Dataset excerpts
________

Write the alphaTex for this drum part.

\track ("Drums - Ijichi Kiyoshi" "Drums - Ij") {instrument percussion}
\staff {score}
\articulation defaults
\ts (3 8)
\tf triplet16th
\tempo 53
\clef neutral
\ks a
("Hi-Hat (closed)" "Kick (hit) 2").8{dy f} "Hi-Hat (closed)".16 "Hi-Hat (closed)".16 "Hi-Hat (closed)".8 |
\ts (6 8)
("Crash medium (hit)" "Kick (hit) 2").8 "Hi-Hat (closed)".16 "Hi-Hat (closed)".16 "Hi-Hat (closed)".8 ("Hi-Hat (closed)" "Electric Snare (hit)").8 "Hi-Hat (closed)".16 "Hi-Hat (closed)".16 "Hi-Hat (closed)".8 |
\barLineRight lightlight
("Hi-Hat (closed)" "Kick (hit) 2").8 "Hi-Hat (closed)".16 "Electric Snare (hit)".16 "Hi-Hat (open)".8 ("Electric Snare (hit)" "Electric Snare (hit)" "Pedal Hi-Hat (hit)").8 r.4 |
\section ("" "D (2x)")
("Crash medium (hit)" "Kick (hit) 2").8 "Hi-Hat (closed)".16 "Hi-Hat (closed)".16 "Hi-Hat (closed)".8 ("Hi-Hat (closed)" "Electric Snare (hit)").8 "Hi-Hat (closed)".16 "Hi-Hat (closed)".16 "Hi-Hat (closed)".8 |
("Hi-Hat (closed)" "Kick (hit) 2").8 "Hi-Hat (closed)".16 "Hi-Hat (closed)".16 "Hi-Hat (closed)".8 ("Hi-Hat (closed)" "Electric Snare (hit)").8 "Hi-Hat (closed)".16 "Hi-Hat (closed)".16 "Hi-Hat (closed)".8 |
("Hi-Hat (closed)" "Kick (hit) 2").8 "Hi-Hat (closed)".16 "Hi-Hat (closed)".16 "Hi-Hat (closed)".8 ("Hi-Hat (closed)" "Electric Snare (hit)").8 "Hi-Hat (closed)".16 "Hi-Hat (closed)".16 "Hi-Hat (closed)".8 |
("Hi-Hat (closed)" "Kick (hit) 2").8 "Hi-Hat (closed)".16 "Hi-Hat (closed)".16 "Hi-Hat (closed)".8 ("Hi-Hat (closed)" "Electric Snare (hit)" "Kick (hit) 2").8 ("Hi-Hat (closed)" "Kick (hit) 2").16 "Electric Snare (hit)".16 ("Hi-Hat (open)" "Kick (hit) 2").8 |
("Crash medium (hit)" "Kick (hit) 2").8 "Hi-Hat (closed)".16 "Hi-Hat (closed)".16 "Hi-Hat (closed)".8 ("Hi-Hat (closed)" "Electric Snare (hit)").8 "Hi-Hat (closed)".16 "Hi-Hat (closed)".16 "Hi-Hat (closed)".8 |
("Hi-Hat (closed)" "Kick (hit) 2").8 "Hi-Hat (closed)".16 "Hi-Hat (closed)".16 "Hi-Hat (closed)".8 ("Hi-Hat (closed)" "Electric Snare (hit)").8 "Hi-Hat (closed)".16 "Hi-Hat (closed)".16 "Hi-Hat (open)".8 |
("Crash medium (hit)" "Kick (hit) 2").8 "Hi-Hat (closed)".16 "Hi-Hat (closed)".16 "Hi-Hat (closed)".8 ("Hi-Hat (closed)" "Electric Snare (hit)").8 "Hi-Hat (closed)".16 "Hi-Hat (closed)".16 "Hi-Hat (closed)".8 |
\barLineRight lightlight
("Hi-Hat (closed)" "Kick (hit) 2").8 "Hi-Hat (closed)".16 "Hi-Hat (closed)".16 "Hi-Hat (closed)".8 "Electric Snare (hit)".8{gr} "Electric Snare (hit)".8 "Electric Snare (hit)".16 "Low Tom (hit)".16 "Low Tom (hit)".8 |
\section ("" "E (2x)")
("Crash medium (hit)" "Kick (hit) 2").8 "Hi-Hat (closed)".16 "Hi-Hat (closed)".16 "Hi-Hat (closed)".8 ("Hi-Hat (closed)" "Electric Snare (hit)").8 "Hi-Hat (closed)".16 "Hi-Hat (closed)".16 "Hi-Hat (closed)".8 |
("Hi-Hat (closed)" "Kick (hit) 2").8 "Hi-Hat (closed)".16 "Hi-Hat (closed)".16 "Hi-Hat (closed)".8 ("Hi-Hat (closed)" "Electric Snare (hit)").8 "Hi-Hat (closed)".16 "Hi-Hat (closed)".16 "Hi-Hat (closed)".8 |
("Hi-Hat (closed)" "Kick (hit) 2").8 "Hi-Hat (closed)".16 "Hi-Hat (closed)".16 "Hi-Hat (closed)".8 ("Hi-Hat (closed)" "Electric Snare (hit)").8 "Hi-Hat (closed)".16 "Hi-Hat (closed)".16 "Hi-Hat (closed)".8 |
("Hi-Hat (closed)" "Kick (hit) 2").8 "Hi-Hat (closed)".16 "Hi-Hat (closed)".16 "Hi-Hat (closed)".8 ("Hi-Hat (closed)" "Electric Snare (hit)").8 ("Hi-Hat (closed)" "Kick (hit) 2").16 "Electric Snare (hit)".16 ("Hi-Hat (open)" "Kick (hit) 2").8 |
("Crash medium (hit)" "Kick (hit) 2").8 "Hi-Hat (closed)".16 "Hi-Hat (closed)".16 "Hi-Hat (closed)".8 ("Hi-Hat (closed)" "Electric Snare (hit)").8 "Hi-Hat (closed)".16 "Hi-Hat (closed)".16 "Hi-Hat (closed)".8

________

Activity: Transcribe the records above in full, exactly as they stand.

Answer to this problem:
Write the alphaTex for this drum part.

\track ("Drums - Ijichi Kiyoshi" "Drums - Ij") {instrument percussion}
\staff {score}
\articulation defaults
\ts (3 8)
\tf triplet16th
\tempo 53
\clef neutral
\ks a
("Hi-Hat (closed)" "Kick (hit) 2").8{dy f} "Hi-Hat (closed)".16 "Hi-Hat (closed)".16 "Hi-Hat (closed)".8 |
\ts (6 8)
("Crash medium (hit)" "Kick (hit) 2").8 "Hi-Hat (closed)".16 "Hi-Hat (closed)".16 "Hi-Hat (closed)".8 ("Hi-Hat (closed)" "Electric Snare (hit)").8 "Hi-Hat (closed)".16 "Hi-Hat (closed)".16 "Hi-Hat (closed)".8 |
\barLineRight lightlight
("Hi-Hat (closed)" "Kick (hit) 2").8 "Hi-Hat (closed)".16 "Electric Snare (hit)".16 "Hi-Hat (open)".8 ("Electric Snare (hit)" "Electric Snare (hit)" "Pedal Hi-Hat (hit)").8 r.4 |
\section ("" "D (2x)")
("Crash medium (hit)" "Kick (hit) 2").8 "Hi-Hat (closed)".16 "Hi-Hat (closed)".16 "Hi-Hat (closed)".8 ("Hi-Hat (closed)" "Electric Snare (hit)").8 "Hi-Hat (closed)".16 "Hi-Hat (closed)".16 "Hi-Hat (closed)".8 |
("Hi-Hat (closed)" "Kick (hit) 2").8 "Hi-Hat (closed)".16 "Hi-Hat (closed)".16 "Hi-Hat (closed)".8 ("Hi-Hat (closed)" "Electric Snare (hit)").8 "Hi-Hat (closed)".16 "Hi-Hat (closed)".16 "Hi-Hat (closed)".8 |
("Hi-Hat (closed)" "Kick (hit) 2").8 "Hi-Hat (closed)".16 "Hi-Hat (closed)".16 "Hi-Hat (closed)".8 ("Hi-Hat (closed)" "Electric Snare (hit)").8 "Hi-Hat (closed)".16 "Hi-Hat (closed)".16 "Hi-Hat (closed)".8 |
("Hi-Hat (closed)" "Kick (hit) 2").8 "Hi-Hat (closed)".16 "Hi-Hat (closed)".16 "Hi-Hat (closed)".8 ("Hi-Hat (closed)" "Electric Snare (hit)" "Kick (hit) 2").8 ("Hi-Hat (closed)" "Kick (hit) 2").16 "Electric Snare (hit)".16 ("Hi-Hat (open)" "Kick (hit) 2").8 |
("Crash medium (hit)" "Kick (hit) 2").8 "Hi-Hat (closed)".16 "Hi-Hat (closed)".16 "Hi-Hat (closed)".8 ("Hi-Hat (closed)" "Electric Snare (hit)").8 "Hi-Hat (closed)".16 "Hi-Hat (closed)".16 "Hi-Hat (closed)".8 |
("Hi-Hat (closed)" "Kick (hit) 2").8 "Hi-Hat (closed)".16 "Hi-Hat (closed)".16 "Hi-Hat (closed)".8 ("Hi-Hat (closed)" "Electric Snare (hit)").8 "Hi-Hat (closed)".16 "Hi-Hat (closed)".16 "Hi-Hat (open)".8 |
("Crash medium (hit)" "Kick (hit) 2").8 "Hi-Hat (closed)".16 "Hi-Hat (closed)".16 "Hi-Hat (closed)".8 ("Hi-Hat (closed)" "Electric Snare (hit)").8 "Hi-Hat (closed)".16 "Hi-Hat (closed)".16 "Hi-Hat (closed)".8 |
\barLineRight lightlight
("Hi-Hat (closed)" "Kick (hit) 2").8 "Hi-Hat (closed)".16 "Hi-Hat (closed)".16 "Hi-Hat (closed)".8 "Electric Snare (hit)".8{gr} "Electric Snare (hit)".8 "Electric Snare (hit)".16 "Low Tom (hit)".16 "Low Tom (hit)".8 |
\section ("" "E (2x)")
("Crash medium (hit)" "Kick (hit) 2").8 "Hi-Hat (closed)".16 "Hi-Hat (closed)".16 "Hi-Hat (closed)".8 ("Hi-Hat (closed)" "Electric Snare (hit)").8 "Hi-Hat (closed)".16 "Hi-Hat (closed)".16 "Hi-Hat (closed)".8 |
("Hi-Hat (closed)" "Kick (hit) 2").8 "Hi-Hat (closed)".16 "Hi-Hat (closed)".16 "Hi-Hat (closed)".8 ("Hi-Hat (closed)" "Electric Snare (hit)").8 "Hi-Hat (closed)".16 "Hi-Hat (closed)".16 "Hi-Hat (closed)".8 |
("Hi-Hat (closed)" "Kick (hit) 2").8 "Hi-Hat (closed)".16 "Hi-Hat (closed)".16 "Hi-Hat (closed)".8 ("Hi-Hat (closed)" "Electric Snare (hit)").8 "Hi-Hat (closed)".16 "Hi-Hat (closed)".16 "Hi-Hat (closed)".8 |
("Hi-Hat (closed)" "Kick (hit) 2").8 "Hi-Hat (closed)".16 "Hi-Hat (closed)".16 "Hi-Hat (closed)".8 ("Hi-Hat (closed)" "Electric Snare (hit)").8 ("Hi-Hat (closed)" "Kick (hit) 2").16 "Electric Snare (hit)".16 ("Hi-Hat (open)" "Kick (hit) 2").8 |
("Crash medium (hit)" "Kick (hit) 2").8 "Hi-Hat (closed)".16 "Hi-Hat (closed)".16 "Hi-Hat (closed)".8 ("Hi-Hat (closed)" "Electric Snare (hit)").8 "Hi-Hat (closed)".16 "Hi-Hat (closed)".16 "Hi-Hat (closed)".8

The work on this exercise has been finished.